News Roundup

A new justice is coming to the North Carolina Supreme Court. Justice Patricia Timmons-Goodson is stepping down, and Governor Perdue says that she will appoint a successor. She plans to bypass the judicial nominating commission that she recently created to take politics out of judicial appointments. The News and Observer has more here and here.

In other news:

  • Stay current with the 2012 Criminal Law Winter Webinar: Case & Legislative Update. School of Government faculty members John Rubin and Alyson Grine will give you the skinny on new cases and statutes at 1:00 p.m. on December 7. Details, including registration information, are here (non-IDS folks, $65) and here (IDS folks, free).
  • Congress may make it more difficult for the police to read suspects’ email. The Senate Judiciary Committee has just approved a bill that would require law enforcement to get a warrant in order to access stored electronic communications. Current law often allows such access under a lower standard. Read more at Gizmodo or Ars Technica, but remember that the bill has a long way to go.
  • Does due process require a state to recognize an insanity defense? Idaho doesn’t. And the Supreme Court just declined to hear a case in which the defendant challenged Idaho’s position. Three Justices dissented, as Sentencing Law and Policy notes here.

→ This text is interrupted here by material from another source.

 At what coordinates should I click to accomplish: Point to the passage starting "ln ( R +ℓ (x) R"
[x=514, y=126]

  • An Oklahoma judge acknowledges that “[t]here are a lot of people who say I can’t . . . legally sentence someone to church,” but that’s pretty much what he did to a teenage defendant convicted of manslaughter after drinking, driving, and killing a friend and passenger in an accident. The judge put the defendant on probation for 10 years and ordered him to attend the church of his choosing weekly. See the contrasting reactions of the New York Times and Professor Doug Berman at Sentencing Law and Policy.

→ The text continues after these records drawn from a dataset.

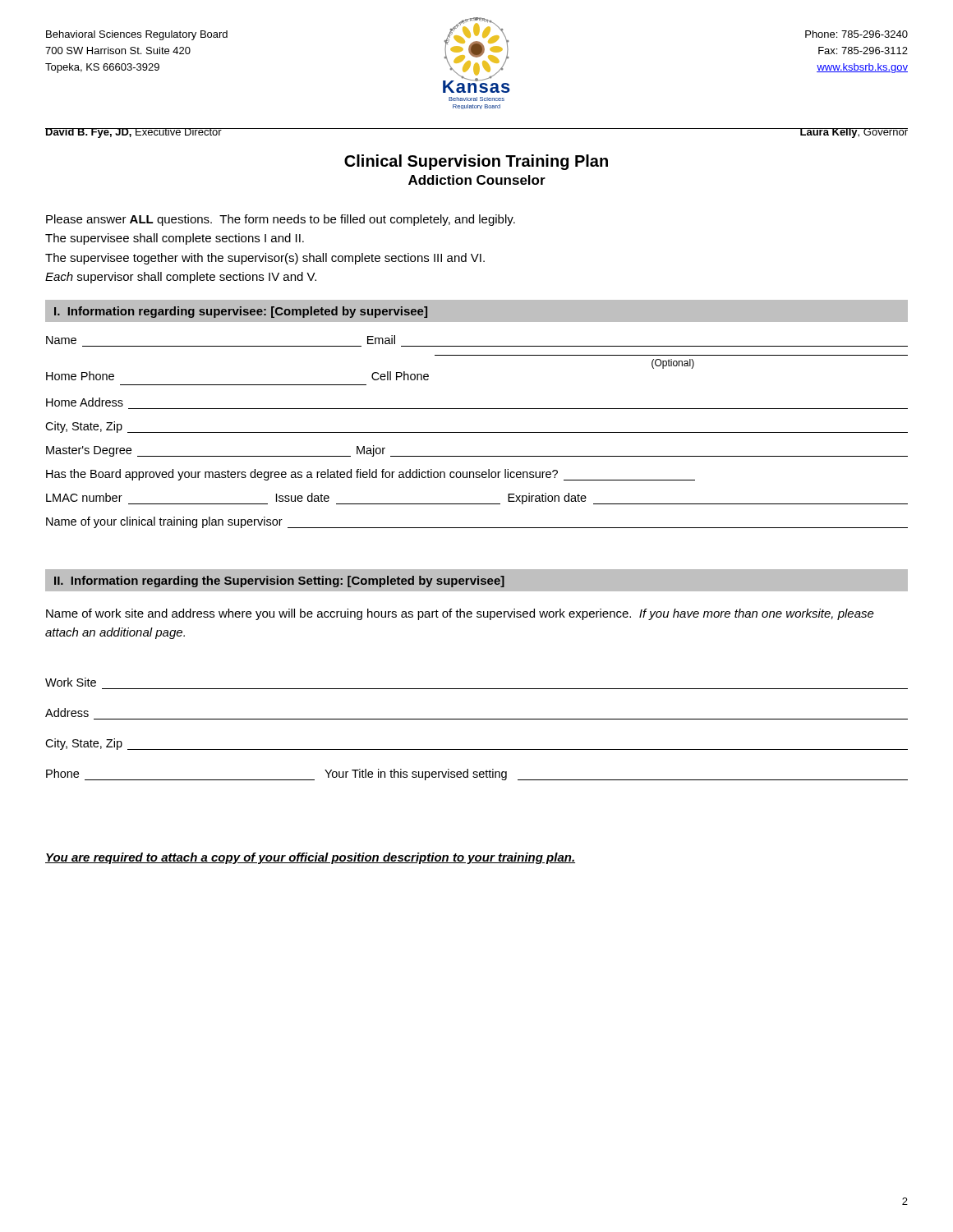Locate the text block that says "Name of work site"
Image resolution: width=953 pixels, height=1232 pixels.
[x=460, y=623]
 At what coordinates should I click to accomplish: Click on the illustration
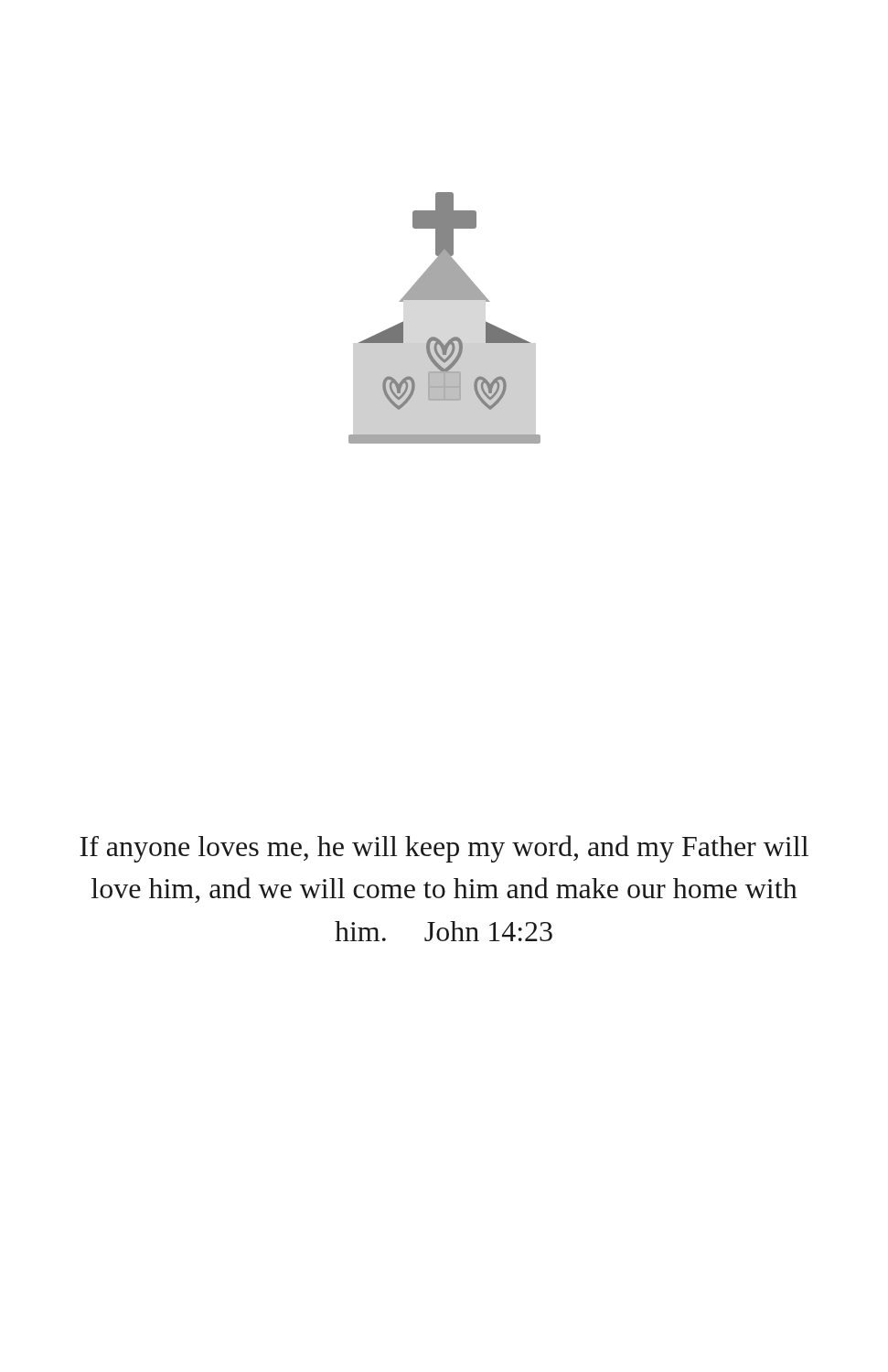click(x=444, y=352)

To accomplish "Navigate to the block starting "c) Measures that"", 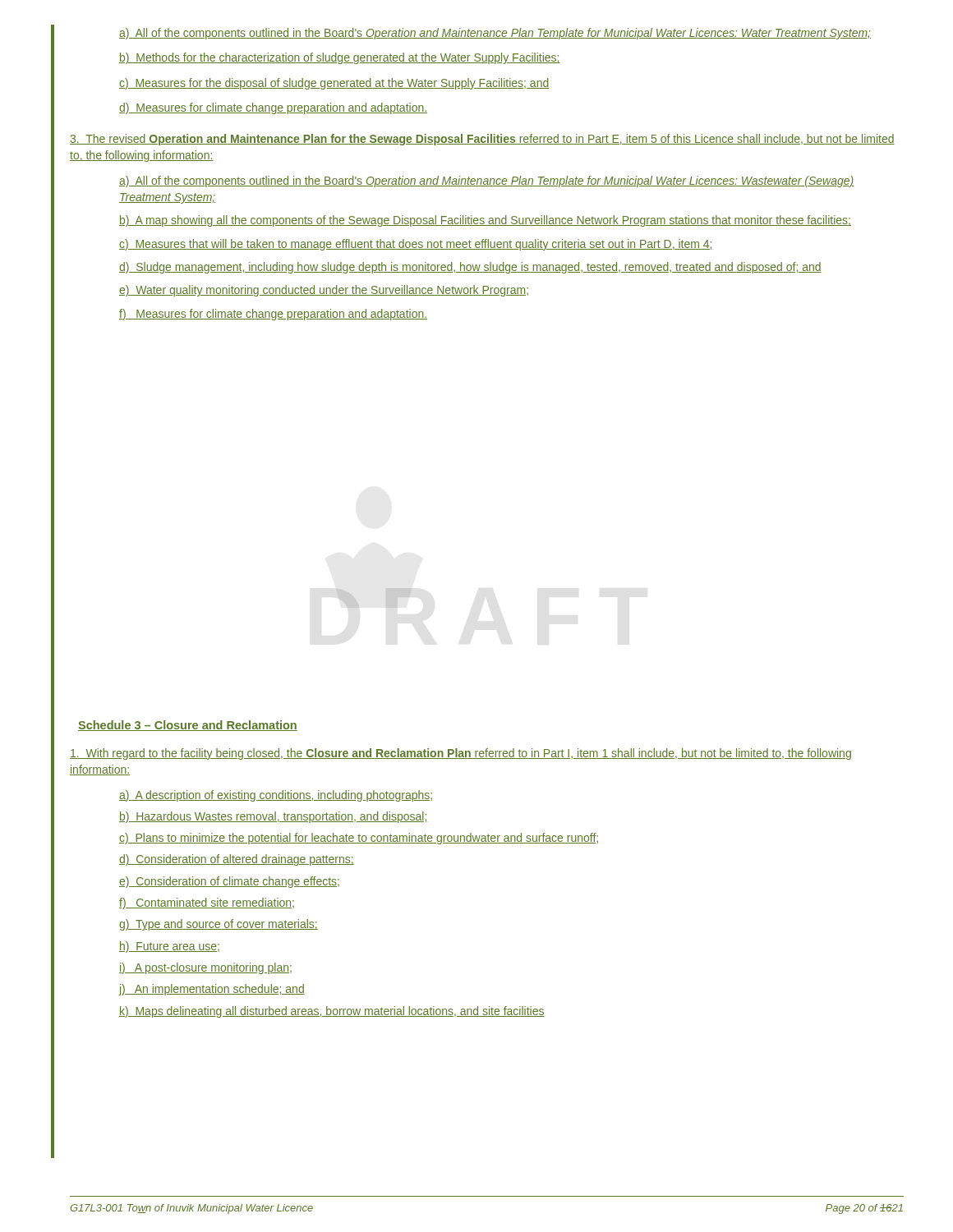I will pyautogui.click(x=416, y=244).

  • Marijuana possession is now legal under state law in Washington. The Seattle Police Department has posted this helpful FAQ, entitled Marijwhat Now?, that offers tips like “you probably shouldn’t bring pot with you to the federal courthouse” and advises that “[a]s of right now,” police officers themselves still may not smoke pot. File it away for your next trip to the Pacific Northwest.